En silencio, caminando y caminando, en zig zag, siguiendo el rastro que seguía nuestro perro.
Que se llamaba así por una mancha marrón en su lomo blanco, y era muy bueno, y buscaba,
hasta que se quedaba inmóvil marcando la presa. Ahí, ahí a pocos metros, y mi viejo que apenas
le daba una indicación, y lentamente avanzaba , hasta que la pobre perdiz se asustaba y volaba,
volaba bajo y poco, porque mi viejo tenía una puntería terrible, no fallaba jamás. Y el estampido
seco, y el olor a pólvora (otra vez), y el perro que traía la presa muerta pero sanita, para que a la
noche comiéramos en torno a una mesa donde se contaban historias de otros tiempo , donde oía
de mi abuelo que no conocí, y de la vida en una época que hoy me parece mentira que fuese
alguna vez real...
Es por eso, que elegí hablar del café. Podría haber elegido hablar de la vez que vi los colores
como nunca, la vez que casi los podía tocar, pero no me pareció oportuno traer esa semiosis a
este lugar... A lo mejor, otra vez será...

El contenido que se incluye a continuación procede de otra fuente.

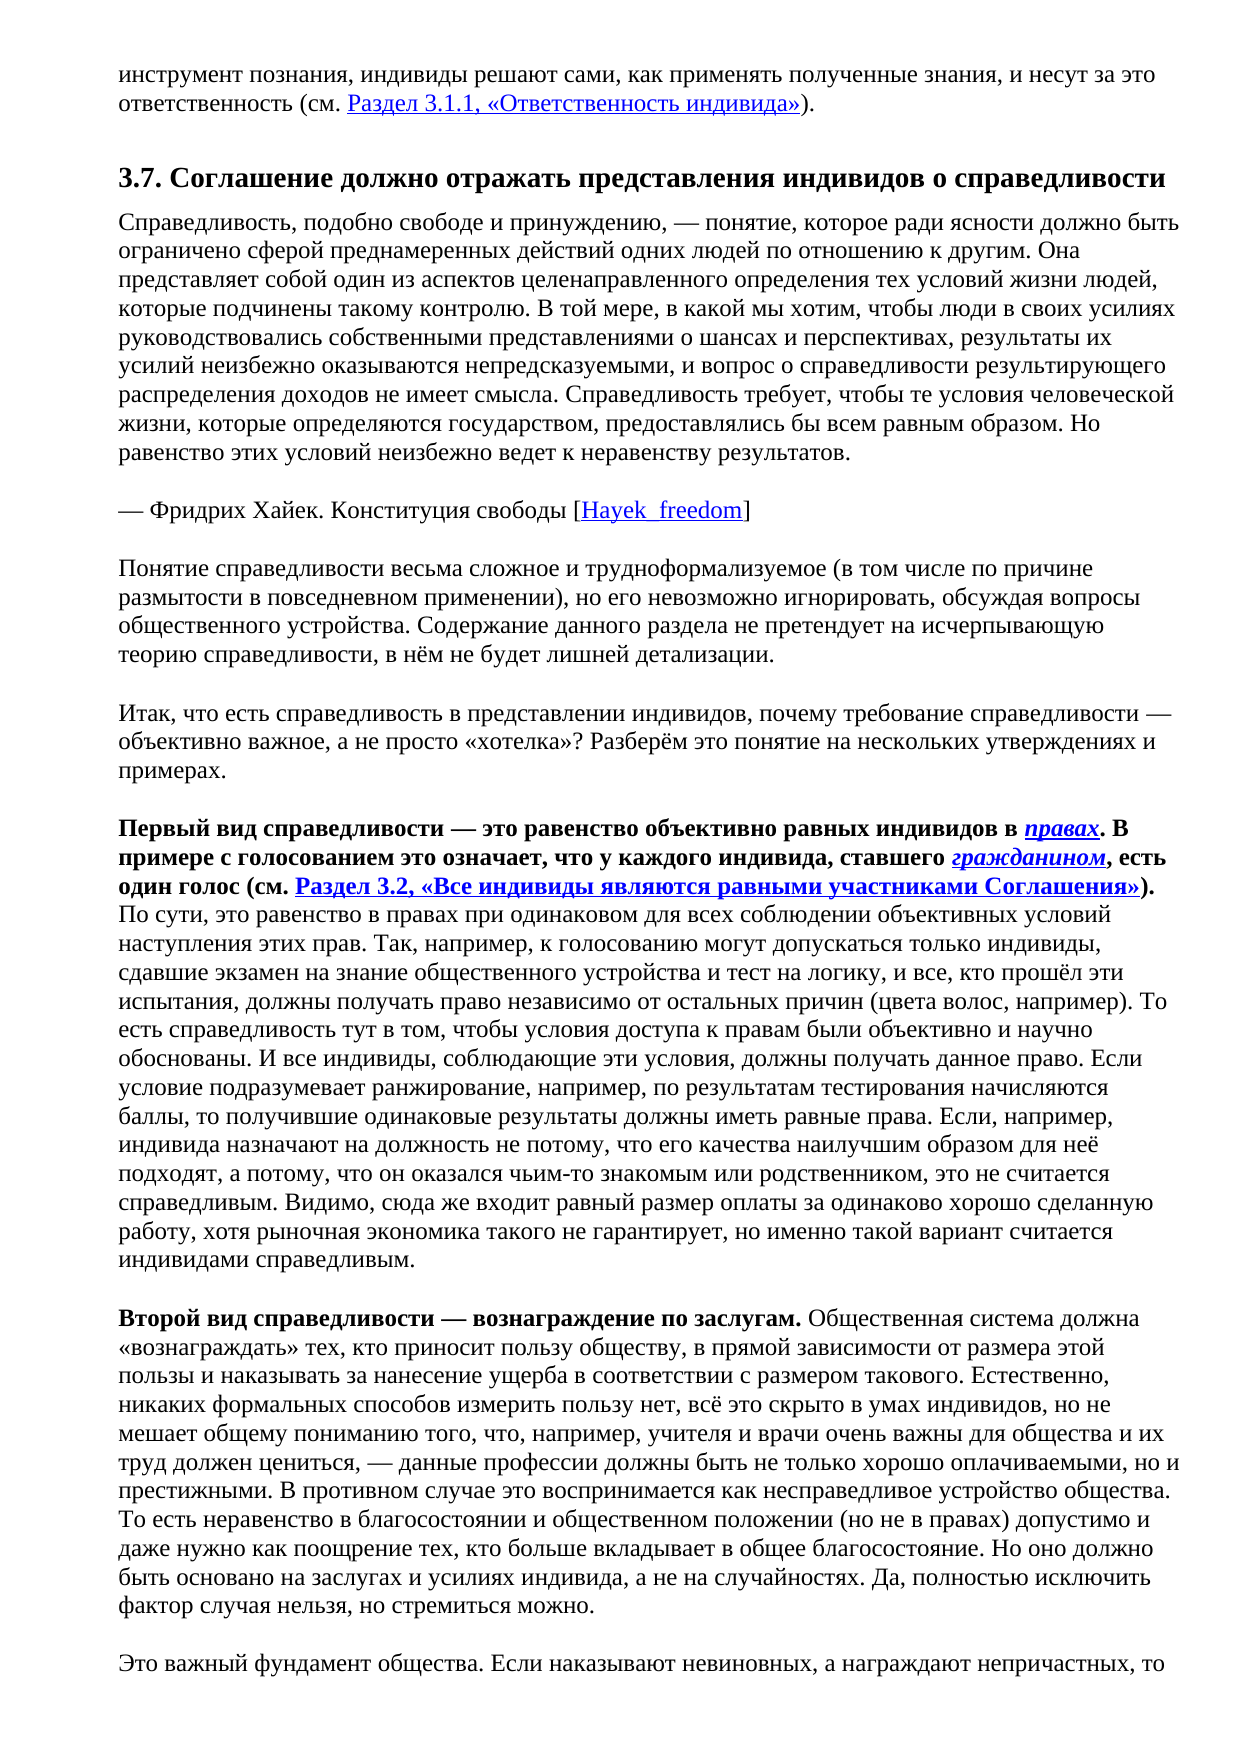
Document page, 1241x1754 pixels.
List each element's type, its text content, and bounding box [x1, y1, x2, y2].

text Это важный фундамент общества. Если наказывают невиновных, а награждают непричастных, то [118, 1648, 1181, 1677]
text Второй вид справедливости — вознаграждение по заслугам. Общественная система должна «вознаграждать» тех, кто приносит пользу обществу, в прямой зависимости от размера этой пользы и наказывать за нанесение ущерба в соответствии с размером такового. Естественно, никаких формальных способов измерить пользу нет, всё это скрыто в умах индивидов, но не мешает общему пониманию того, что, например, учителя и врачи очень важны для общества и их труд должен цениться, — данные профессии должны быть не только хорошо оплачиваемыми, но и престижными. В противном случае это воспринимается как несправедливое устройство общества. То есть неравенство в благосостоянии и общественном положении (но не в правах) допустимо и даже нужно как поощрение тех, кто больше вкладывает в общее благосостояние. Но оно должно быть основано на заслугах и усилиях индивида, а не на случайностях. Да, полностью исключить фактор случая нельзя, но стремиться можно. [118, 1303, 1181, 1619]
text Итак, что есть справедливость в представлении индивидов, почему требование справедливости — объективно важное, а не просто «хотелка»? Разберём это понятие на нескольких утверждениях и примерах. [118, 698, 1181, 784]
subtitle 3.7. Соглашение должно отражать представления индивидов о справедливости [118, 161, 1181, 194]
text — Фридрих Хайек. Конституция свободы [Hayek_freedom] [118, 495, 1181, 524]
text Справедливость, подобно свободе и принуждению, — понятие, которое ради ясности должно быть ограничено сферой преднамеренных действий одних людей по отношению к другим. Она представляет собой один из аспектов целенаправленного определения тех условий жизни людей, которые подчинены такому контролю. В той мере, в какой мы хотим, чтобы люди в своих усилиях руководствовались собственными представлениями о шансах и перспективах, результаты их усилий неизбежно оказываются непредсказуемыми, и вопрос о справедливости результирующего распределения доходов не имеет смысла. Справедливость требует, чтобы те условия человеческой жизни, которые определяются государством, предоставлялись бы всем равным образом. Но равенство этих условий неизбежно ведет к неравенству результатов. [118, 207, 1181, 465]
text инструмент познания, индивиды решают сами, как применять полученные знания, и несут за это ответственность (см. Раздел 3.1.1, «Ответственность индивида»). [118, 59, 1181, 117]
text Понятие справедливости весьма сложное и трудноформализуемое (в том числе по причине размытости в повседневном применении), но его невозможно игнорировать, обсуждая вопросы общественного устройства. Содержание данного раздела не претендует на исчерпывающую теорию справедливости, в нём не будет лишней детализации. [118, 553, 1181, 668]
text Первый вид справедливости — это равенство объективно равных индивидов в правах. В примере с голосованием это означает, что у каждого индивида, ставшего гражданином, есть один голос (см. Раздел 3.2, «Все индивиды являются равными участниками Соглашения»). По сути, это равенство в правах при одинаковом для всех соблюдении объективных условий наступления этих прав. Так, например, к голосованию могут допускаться только индивиды, сдавшие экзамен на знание общественного устройства и тест на логику, и все, кто прошёл эти испытания, должны получать право независимо от остальных причин (цвета волос, например). То есть справедливость тут в том, чтобы условия доступа к правам были объективно и научно обоснованы. И все индивиды, соблюдающие эти условия, должны получать данное право. Если условие подразумевает ранжирование, например, по результатам тестирования начисляются баллы, то получившие одинаковые результаты должны иметь равные права. Если, например, индивида назначают на должность не потому, что его качества наилучшим образом для неё подходят, а потому, что он оказался чьим-то знакомым или родственником, это не считается справедливым. Видимо, сюда же входит равный размер оплаты за одинаково хорошо сделанную работу, хотя рыночная экономика такого не гарантирует, но именно такой вариант считается индивидами справедливым. [118, 813, 1181, 1273]

Por lo pronto, del café, podría hablar, un millón de cosas más...

Adrián OSCAR: nació en Carmen de Areco, en 1975. Alumno del Jardín 901, Escuela N°1,
Colegio Nacional Mariano Moreno, y del ISFD y T n° 139. Ha trabajado como Albañil, Pintor
de obra y como peón de campo, entre otras tareas; Desde el año 2008 realiza tareas docentes,
como Profesor de Educación Primaria, y Profesor de Lengua y Literatura. Desde el año 2014
dirige el área de Desarrollo Social del Municipio de Carmen de Areco, área que incluye las
cuestiones relacionadas a la defensa de los Derechos del Niño, así como la prevención de
Violencia Intrafamiliar y de Género, siendo parte del equipo del Intendente Marcelo Skansi.
Desde el año 2018 es Presidente de Nueva Alternativa Carmeña ( NAC) , partido político de
carácter vecinalista. Juega al fúbol de manera regular, siempre de forma amateur y escribe
habitualmente, sin haber publicado material, esperando el momento oportuno para que cierta
cantidad de escritos vean la luz…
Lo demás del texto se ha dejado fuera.